*** Opening of Task data ***

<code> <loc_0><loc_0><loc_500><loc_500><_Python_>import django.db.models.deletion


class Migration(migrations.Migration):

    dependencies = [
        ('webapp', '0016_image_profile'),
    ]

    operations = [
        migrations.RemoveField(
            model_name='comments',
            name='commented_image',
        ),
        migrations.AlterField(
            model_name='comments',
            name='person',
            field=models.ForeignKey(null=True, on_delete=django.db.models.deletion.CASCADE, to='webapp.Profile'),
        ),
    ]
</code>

*** Close of Task data ***
*** Opening of Task data ***

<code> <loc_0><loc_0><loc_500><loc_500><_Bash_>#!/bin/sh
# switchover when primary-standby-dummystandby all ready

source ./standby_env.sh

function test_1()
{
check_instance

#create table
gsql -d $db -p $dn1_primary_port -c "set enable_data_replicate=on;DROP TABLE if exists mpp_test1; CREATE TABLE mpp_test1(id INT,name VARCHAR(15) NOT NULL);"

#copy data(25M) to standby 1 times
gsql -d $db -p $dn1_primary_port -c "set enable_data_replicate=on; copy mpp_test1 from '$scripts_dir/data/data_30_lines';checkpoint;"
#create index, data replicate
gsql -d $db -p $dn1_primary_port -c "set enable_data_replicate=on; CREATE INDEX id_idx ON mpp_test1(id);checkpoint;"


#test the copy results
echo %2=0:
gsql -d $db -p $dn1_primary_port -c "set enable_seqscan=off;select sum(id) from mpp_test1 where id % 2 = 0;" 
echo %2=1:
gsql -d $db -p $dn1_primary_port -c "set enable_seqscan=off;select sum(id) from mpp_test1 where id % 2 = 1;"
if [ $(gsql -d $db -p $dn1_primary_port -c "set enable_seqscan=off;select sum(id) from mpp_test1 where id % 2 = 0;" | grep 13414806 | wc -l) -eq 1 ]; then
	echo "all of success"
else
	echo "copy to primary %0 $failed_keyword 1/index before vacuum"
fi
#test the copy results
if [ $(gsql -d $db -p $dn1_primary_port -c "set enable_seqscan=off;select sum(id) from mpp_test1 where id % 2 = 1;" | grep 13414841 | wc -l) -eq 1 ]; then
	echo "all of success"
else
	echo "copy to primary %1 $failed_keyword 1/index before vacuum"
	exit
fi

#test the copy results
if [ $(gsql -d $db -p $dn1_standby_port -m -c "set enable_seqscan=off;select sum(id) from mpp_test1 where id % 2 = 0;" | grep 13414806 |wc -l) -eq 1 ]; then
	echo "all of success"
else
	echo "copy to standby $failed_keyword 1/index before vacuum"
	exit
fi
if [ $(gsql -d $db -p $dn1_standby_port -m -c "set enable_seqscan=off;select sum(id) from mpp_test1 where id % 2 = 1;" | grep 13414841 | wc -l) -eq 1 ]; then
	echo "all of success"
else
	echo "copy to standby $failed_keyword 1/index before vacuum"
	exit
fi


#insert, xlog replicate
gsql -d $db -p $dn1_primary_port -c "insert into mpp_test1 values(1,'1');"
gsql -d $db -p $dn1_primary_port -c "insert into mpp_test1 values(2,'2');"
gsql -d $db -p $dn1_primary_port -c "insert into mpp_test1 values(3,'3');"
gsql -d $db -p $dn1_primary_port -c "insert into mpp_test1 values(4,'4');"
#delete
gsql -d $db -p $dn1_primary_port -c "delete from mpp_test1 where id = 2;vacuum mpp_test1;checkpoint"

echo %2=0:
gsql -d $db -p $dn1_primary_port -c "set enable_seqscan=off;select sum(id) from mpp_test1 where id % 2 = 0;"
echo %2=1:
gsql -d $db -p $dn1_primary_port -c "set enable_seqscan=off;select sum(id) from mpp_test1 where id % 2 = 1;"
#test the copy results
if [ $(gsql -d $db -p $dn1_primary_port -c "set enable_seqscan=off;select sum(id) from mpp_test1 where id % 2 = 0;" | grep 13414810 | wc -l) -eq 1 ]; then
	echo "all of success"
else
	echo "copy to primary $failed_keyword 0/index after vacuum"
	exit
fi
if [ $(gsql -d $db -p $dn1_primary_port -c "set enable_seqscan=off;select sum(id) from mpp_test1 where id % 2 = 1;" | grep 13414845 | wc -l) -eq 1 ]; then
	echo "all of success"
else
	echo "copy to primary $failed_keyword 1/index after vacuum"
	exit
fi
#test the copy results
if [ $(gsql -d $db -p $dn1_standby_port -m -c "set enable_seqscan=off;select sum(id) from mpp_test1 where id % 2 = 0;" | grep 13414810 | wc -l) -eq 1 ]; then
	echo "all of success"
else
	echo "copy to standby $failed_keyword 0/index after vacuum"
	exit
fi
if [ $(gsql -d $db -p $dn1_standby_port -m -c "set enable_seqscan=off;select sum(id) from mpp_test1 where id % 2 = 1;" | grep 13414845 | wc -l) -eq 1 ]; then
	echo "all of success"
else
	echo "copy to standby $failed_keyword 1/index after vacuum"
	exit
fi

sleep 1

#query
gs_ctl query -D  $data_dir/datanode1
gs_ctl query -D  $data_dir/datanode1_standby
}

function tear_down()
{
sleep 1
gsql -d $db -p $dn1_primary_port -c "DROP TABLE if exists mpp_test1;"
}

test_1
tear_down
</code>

*** Close of Task data ***

Problem details :: Work out how many lines in the records contain the word "django", and give that number by itself.

Exercise output :: 2